In summary, the confabulation theory of vertebrate cognition seems to provide the basis for
mechanizing sound cognition in a manner that has the familiar characteristics of human sound
cognition.
3.5 VISUAL COGNITION
As with sound, the key challenge of vision is to usefully transduce incoming image information into
symbolic form. Another key part of vision is to build symbolic representations of individual visual
objects that are invariant to useful combinations of selected visual attributes such as pose, lighting,
color, and form. These are the main topics of this section. Ancillary subjects, such as the highly
specialized visual human face recognition system and binocular vision are not discussed. Readers
are expected to have a solid understanding of traditional machine vision.
3.5.1 Building an Eyeball Vision Sensor and its Gaze Controller
Vertebrate vision is characterized by the use of eyeballs. A gaze controller is used to direct the
eye(s) to (roughly repeatable) key points on objects of interest. In this section, we will consider only
monocular, panchromatic, visual cognition in detail.

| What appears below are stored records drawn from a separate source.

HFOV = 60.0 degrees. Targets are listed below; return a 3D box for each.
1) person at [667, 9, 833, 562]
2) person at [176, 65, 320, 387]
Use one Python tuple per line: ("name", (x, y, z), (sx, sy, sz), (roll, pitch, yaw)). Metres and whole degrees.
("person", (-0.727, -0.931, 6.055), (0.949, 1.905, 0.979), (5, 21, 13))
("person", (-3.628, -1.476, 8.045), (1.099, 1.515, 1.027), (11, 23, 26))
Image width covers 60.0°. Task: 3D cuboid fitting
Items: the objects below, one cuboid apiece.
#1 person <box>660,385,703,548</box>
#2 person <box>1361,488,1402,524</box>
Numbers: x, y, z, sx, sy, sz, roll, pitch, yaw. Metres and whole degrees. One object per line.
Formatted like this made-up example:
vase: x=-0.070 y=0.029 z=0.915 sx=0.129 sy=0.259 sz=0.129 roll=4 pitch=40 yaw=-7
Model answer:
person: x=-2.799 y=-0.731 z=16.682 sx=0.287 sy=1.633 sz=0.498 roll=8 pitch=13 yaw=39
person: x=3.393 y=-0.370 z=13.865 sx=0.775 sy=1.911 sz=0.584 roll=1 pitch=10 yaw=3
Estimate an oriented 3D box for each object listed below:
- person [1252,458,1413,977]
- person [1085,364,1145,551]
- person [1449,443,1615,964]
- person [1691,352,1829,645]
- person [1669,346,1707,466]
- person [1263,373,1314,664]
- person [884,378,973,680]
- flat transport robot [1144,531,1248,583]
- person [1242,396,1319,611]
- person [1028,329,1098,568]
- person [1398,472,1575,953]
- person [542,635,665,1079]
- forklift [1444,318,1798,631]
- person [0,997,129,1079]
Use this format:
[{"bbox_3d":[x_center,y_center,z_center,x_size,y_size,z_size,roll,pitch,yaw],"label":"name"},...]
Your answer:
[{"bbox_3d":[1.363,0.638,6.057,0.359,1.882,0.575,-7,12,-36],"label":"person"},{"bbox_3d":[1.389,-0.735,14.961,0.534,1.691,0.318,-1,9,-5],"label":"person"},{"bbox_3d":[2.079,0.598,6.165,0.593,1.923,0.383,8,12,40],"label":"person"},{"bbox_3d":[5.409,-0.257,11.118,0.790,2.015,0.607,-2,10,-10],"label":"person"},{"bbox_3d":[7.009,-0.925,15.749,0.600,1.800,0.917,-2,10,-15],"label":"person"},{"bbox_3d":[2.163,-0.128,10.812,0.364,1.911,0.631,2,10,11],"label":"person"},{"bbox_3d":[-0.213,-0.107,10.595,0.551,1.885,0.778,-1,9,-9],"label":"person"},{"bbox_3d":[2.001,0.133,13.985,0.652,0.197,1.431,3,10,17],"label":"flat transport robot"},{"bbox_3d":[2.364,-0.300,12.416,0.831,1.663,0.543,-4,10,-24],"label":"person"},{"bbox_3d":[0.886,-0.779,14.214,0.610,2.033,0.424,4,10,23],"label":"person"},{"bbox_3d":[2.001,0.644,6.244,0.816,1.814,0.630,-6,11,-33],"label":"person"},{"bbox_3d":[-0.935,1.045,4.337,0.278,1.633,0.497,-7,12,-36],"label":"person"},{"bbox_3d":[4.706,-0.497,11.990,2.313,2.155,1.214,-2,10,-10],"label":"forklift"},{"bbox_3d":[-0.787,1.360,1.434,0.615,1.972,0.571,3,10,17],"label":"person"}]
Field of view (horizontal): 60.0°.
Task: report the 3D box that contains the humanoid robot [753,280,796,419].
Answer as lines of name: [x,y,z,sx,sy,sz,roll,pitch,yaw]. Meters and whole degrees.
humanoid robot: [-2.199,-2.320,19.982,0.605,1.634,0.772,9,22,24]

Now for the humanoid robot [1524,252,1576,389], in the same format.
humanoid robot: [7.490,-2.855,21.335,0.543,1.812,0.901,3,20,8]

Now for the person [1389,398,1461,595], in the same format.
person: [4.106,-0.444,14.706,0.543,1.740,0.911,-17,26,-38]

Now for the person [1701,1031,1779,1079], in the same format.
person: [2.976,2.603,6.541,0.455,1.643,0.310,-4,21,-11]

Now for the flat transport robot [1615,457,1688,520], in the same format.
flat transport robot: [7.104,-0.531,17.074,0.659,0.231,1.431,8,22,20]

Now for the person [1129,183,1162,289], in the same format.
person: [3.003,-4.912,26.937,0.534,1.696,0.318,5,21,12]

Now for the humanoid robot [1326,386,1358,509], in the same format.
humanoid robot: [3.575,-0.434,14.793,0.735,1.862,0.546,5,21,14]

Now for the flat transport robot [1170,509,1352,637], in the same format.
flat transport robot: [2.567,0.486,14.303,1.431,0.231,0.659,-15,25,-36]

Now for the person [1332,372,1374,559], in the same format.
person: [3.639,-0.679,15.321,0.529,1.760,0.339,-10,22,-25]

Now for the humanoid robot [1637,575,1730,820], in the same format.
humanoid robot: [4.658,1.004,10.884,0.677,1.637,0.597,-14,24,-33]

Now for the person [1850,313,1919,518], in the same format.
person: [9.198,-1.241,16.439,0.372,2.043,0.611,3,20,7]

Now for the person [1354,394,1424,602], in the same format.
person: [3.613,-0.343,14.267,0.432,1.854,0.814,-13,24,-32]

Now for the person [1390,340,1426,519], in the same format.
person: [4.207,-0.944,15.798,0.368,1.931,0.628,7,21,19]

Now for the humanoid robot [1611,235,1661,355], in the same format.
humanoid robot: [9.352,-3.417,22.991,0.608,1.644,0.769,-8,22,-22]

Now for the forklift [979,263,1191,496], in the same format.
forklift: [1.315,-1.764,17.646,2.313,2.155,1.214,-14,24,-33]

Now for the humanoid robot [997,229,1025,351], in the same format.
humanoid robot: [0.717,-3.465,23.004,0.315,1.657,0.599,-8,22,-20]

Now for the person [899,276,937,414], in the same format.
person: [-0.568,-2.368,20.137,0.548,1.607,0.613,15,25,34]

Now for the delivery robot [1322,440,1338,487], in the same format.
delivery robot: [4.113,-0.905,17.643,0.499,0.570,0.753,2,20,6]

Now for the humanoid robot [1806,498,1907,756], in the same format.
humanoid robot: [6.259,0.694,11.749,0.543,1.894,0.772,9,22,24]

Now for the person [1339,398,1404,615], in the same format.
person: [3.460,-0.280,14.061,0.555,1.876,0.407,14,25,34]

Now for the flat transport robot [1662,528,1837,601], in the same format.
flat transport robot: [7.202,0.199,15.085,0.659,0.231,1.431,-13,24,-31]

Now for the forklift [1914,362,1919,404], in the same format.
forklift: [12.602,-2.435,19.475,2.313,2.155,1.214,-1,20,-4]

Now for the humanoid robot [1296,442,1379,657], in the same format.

Figure 3.9 illustrates the basic elements of the confabulation-based vision architecture that
will be discussed in this section. For simplicity, the subject of how pointing of the video camera
sensor will be controlled is ignored. It is assumed that the wide-angle large image camera is fixed
and that everything we want to see and visually analyze is within this sensor’s fixed visual field of
view and is of sufficient size (number of pixels) to make its attributes visible at the sensor’s
resolution. For example, imagine a wide-angle, high-resolution video camera positioned about 8 ft
above the pavement at a busy downtown street intersection, pointed diagonally across the inter-
section, viewing the people on the sidewalks and the vehicles on the streets.
Assume that the visual sensor (i.e., video camera) gathers digital image frames, each with many
millions of pixels, at a rate of 30 frames per second. For simplicity, each pixel will be assumed to
have its panchromatic (grayscale) brightness measured on a 16-bit linear digital scale.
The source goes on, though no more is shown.